===== Records for this exercise =====
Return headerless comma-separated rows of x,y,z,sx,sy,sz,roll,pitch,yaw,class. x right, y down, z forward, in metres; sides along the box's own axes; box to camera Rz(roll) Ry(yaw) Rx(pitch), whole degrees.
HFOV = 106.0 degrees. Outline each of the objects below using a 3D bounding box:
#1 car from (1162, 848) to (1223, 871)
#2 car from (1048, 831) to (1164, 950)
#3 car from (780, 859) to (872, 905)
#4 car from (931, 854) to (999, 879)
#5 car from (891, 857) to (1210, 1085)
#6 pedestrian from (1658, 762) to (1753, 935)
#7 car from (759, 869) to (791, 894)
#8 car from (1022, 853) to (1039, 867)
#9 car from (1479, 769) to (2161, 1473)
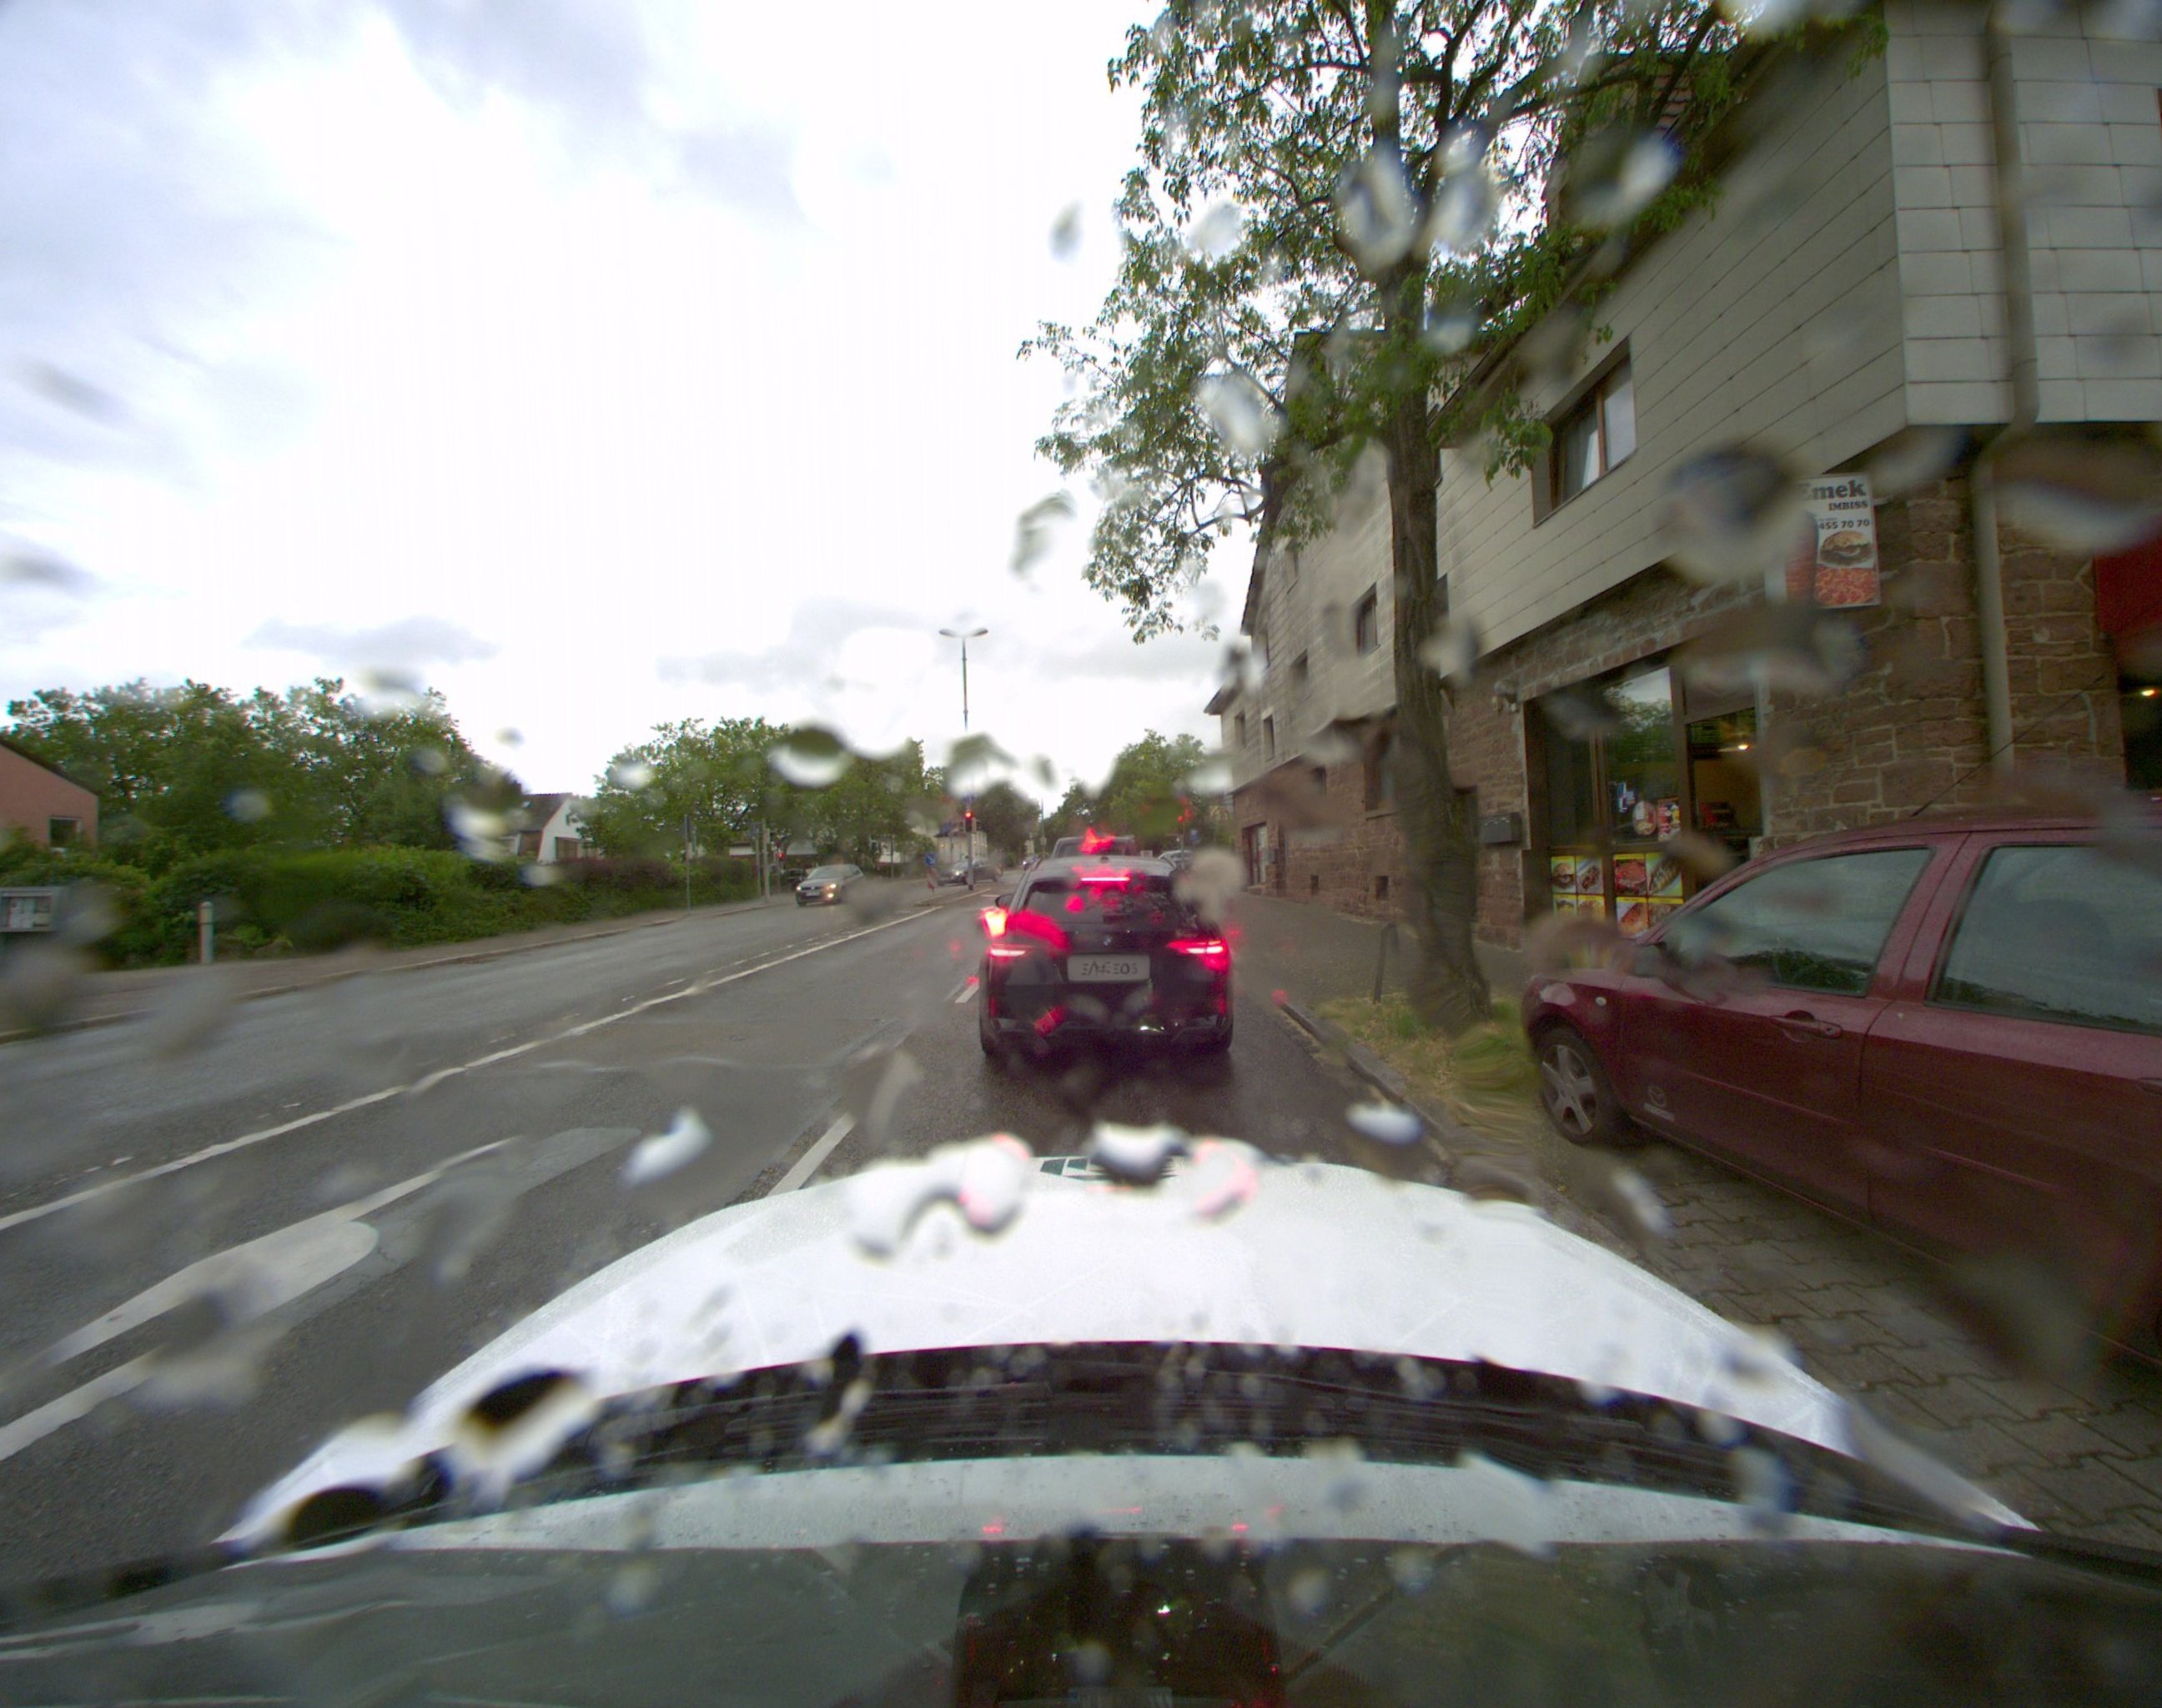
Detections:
8.189,0.417,59.777,4.003,1.552,1.811,-2,0,-22,car
0.392,0.568,14.794,1.778,1.817,3.999,-1,0,0,car
-9.413,1.008,30.427,1.985,1.510,3.958,-1,0,3,car
-6.594,0.716,46.519,1.825,1.288,4.024,-1,0,27,car
-0.217,0.768,7.554,2.058,1.446,4.481,-1,0,-1,car
6.877,-0.061,8.983,0.635,1.839,0.483,-1,0,1,pedestrian
-21.664,1.904,57.761,2.000,1.552,3.973,-2,0,-20,car
-5.418,0.612,88.199,1.459,1.398,3.323,-1,0,2,car
3.038,0.515,2.642,1.579,1.490,3.626,-5,1,-1,car
=====
▶ **Work instructions**: Line for line, restate the data above and omit every picture.

▶ **Written solution**:
Return headerless comma-separated rows of x,y,z,sx,sy,sz,roll,pitch,yaw,class. x right, y down, z forward, in metres; sides along the box's own axes; box to camera Rz(roll) Ry(yaw) Rx(pitch), whole degrees.
HFOV = 106.0 degrees. Outline each of the objects below using a 3D bounding box:
#1 car from (1162, 848) to (1223, 871)
#2 car from (1048, 831) to (1164, 950)
#3 car from (780, 859) to (872, 905)
#4 car from (931, 854) to (999, 879)
#5 car from (891, 857) to (1210, 1085)
#6 pedestrian from (1658, 762) to (1753, 935)
#7 car from (759, 869) to (791, 894)
#8 car from (1022, 853) to (1039, 867)
#9 car from (1479, 769) to (2161, 1473)
Detections:
8.189,0.417,59.777,4.003,1.552,1.811,-2,0,-22,car
0.392,0.568,14.794,1.778,1.817,3.999,-1,0,0,car
-9.413,1.008,30.427,1.985,1.510,3.958,-1,0,3,car
-6.594,0.716,46.519,1.825,1.288,4.024,-1,0,27,car
-0.217,0.768,7.554,2.058,1.446,4.481,-1,0,-1,car
6.877,-0.061,8.983,0.635,1.839,0.483,-1,0,1,pedestrian
-21.664,1.904,57.761,2.000,1.552,3.973,-2,0,-20,car
-5.418,0.612,88.199,1.459,1.398,3.323,-1,0,2,car
3.038,0.515,2.642,1.579,1.490,3.626,-5,1,-1,car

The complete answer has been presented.